__WHAT THE EXERCISE ASKS__: Produce as output only the lines below starting at the line with "Page size: 1275x1650." and continuing through the line with "text Pivotal Tracker", each one exactly as written.

__Stored entries__:
-=-=-=-=-

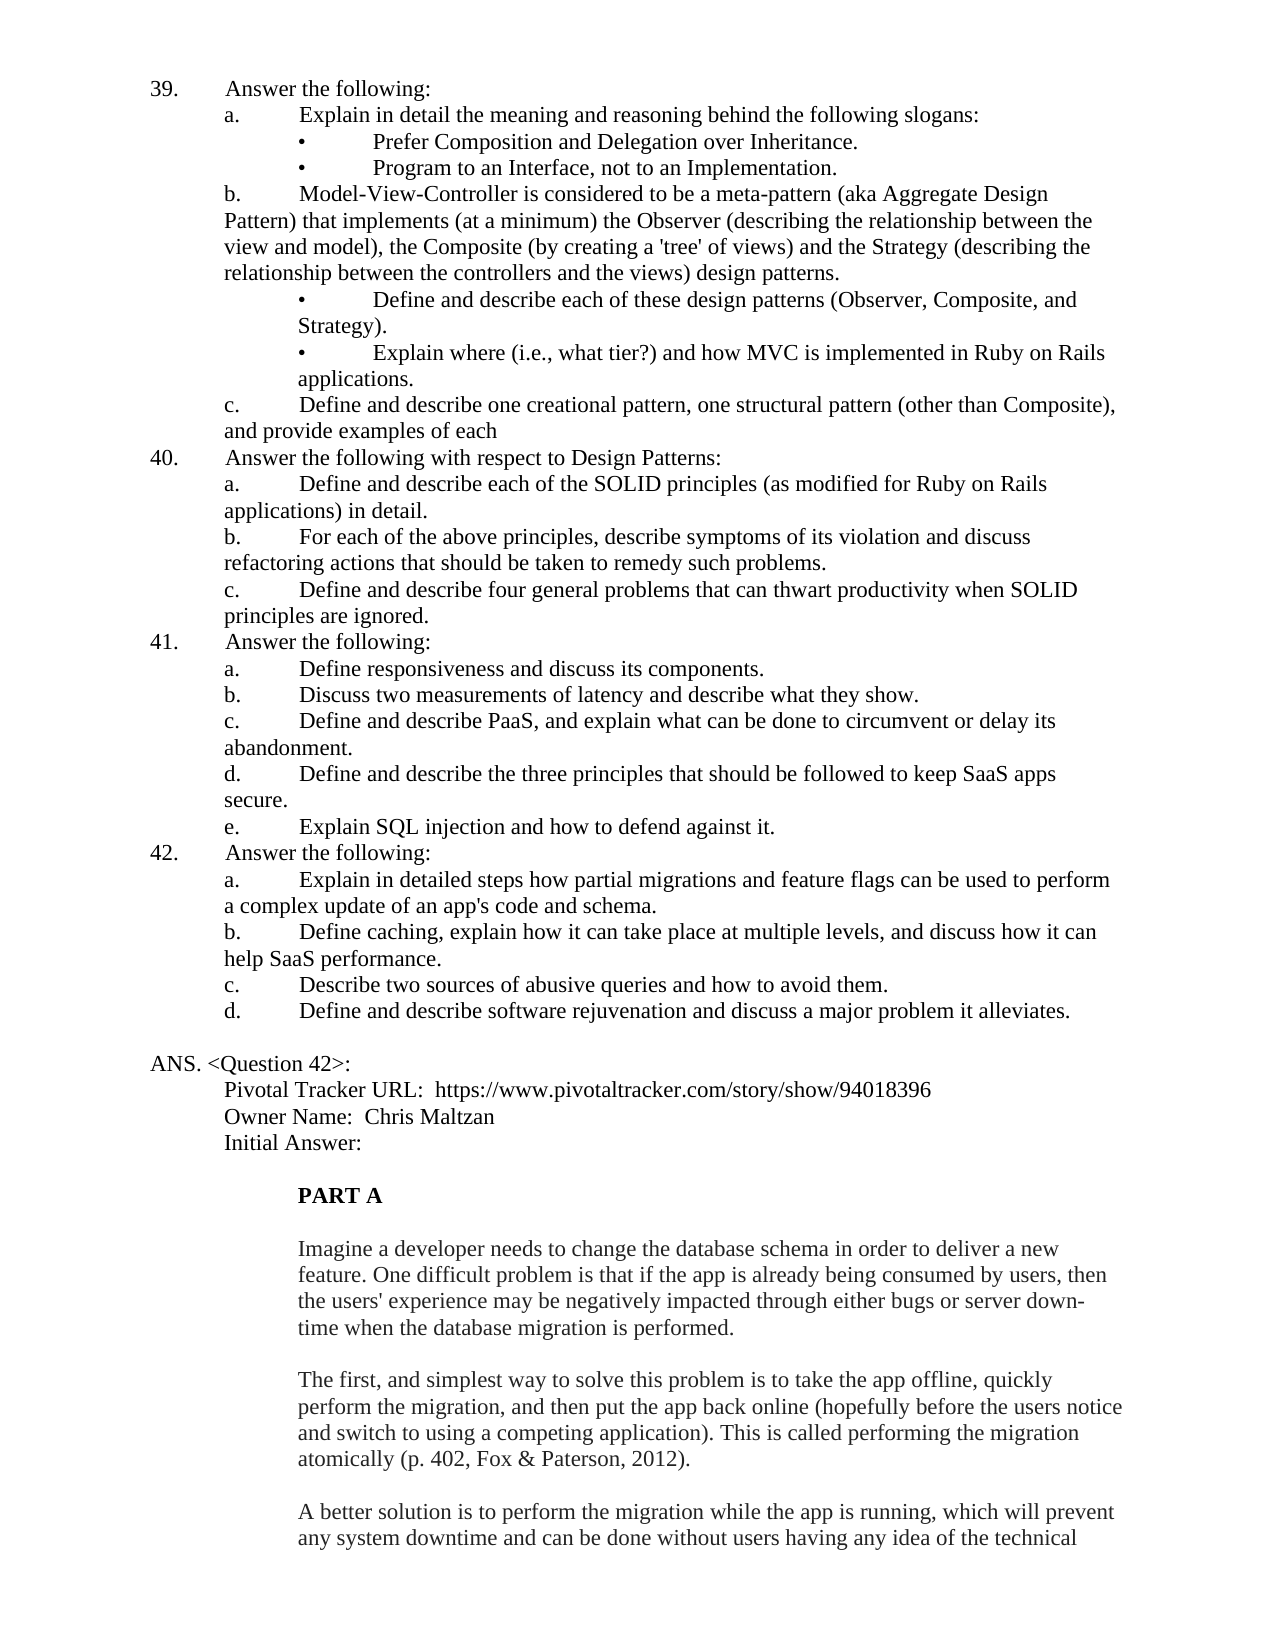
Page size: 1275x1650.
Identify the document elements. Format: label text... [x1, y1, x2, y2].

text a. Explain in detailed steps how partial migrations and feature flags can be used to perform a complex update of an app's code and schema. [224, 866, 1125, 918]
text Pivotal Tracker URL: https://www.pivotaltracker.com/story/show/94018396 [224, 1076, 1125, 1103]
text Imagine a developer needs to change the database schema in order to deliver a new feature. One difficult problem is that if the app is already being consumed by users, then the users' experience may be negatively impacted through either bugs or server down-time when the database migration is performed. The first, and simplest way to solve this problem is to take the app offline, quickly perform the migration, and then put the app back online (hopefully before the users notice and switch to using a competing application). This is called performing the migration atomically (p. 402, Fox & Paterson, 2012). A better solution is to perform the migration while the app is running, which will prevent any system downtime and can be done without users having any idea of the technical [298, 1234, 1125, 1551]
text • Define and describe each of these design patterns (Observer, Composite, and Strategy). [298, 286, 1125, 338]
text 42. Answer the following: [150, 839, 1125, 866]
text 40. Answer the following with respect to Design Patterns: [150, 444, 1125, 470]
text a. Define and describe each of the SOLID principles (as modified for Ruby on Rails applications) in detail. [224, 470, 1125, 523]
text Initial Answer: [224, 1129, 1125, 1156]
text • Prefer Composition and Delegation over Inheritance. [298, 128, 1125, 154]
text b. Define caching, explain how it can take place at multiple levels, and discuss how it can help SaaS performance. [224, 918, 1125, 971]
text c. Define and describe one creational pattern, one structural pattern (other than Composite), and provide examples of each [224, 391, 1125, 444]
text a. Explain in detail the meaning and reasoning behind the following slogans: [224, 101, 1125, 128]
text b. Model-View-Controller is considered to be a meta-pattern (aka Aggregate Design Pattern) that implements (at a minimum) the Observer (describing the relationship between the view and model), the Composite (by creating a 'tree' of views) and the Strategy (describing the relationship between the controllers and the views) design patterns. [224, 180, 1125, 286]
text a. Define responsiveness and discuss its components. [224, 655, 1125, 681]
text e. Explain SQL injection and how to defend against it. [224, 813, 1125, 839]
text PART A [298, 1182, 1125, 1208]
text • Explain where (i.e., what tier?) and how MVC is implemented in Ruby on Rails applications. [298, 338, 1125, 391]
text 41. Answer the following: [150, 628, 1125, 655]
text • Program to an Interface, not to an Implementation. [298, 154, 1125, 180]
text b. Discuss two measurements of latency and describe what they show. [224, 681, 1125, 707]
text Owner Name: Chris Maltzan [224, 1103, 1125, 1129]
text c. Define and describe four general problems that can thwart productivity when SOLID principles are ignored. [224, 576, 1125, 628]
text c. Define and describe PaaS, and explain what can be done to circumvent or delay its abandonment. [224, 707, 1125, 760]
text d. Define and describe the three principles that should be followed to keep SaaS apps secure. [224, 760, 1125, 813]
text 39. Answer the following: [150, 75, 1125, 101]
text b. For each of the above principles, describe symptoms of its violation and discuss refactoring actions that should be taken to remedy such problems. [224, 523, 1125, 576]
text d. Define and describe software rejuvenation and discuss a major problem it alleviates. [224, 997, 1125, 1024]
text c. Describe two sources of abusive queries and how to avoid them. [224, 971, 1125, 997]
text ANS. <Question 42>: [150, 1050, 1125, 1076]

-=-=-=-=-

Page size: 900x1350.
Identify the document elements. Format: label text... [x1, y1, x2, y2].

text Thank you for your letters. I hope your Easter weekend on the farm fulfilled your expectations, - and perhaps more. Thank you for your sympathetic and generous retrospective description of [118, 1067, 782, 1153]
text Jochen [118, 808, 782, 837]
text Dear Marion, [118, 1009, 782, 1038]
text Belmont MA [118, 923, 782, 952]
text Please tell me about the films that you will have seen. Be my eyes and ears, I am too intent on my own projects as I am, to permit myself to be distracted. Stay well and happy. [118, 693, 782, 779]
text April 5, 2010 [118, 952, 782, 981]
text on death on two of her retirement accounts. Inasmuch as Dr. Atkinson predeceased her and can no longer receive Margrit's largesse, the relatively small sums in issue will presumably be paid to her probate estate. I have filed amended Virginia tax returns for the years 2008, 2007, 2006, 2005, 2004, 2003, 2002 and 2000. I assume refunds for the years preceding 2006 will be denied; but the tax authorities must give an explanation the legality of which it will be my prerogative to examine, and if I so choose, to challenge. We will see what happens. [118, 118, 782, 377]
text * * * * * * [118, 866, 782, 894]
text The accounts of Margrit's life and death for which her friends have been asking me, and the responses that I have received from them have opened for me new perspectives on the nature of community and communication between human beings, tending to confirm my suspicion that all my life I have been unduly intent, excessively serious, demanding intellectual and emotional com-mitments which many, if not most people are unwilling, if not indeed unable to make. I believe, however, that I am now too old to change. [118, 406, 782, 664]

-=-=-=-=-

__OUTPUT OF THE TASK__:
Page size: 1275x1650.
Identify the document elements. Format: label text... [x1, y1, x2, y2].

text a. Explain in detailed steps how partial migrations and feature flags can be used to perform a complex update of an app's code and schema. [224, 866, 1125, 918]
text Pivotal Tracker URL: https://www.pivotaltracker.com/story/show/94018396 [224, 1076, 1125, 1103]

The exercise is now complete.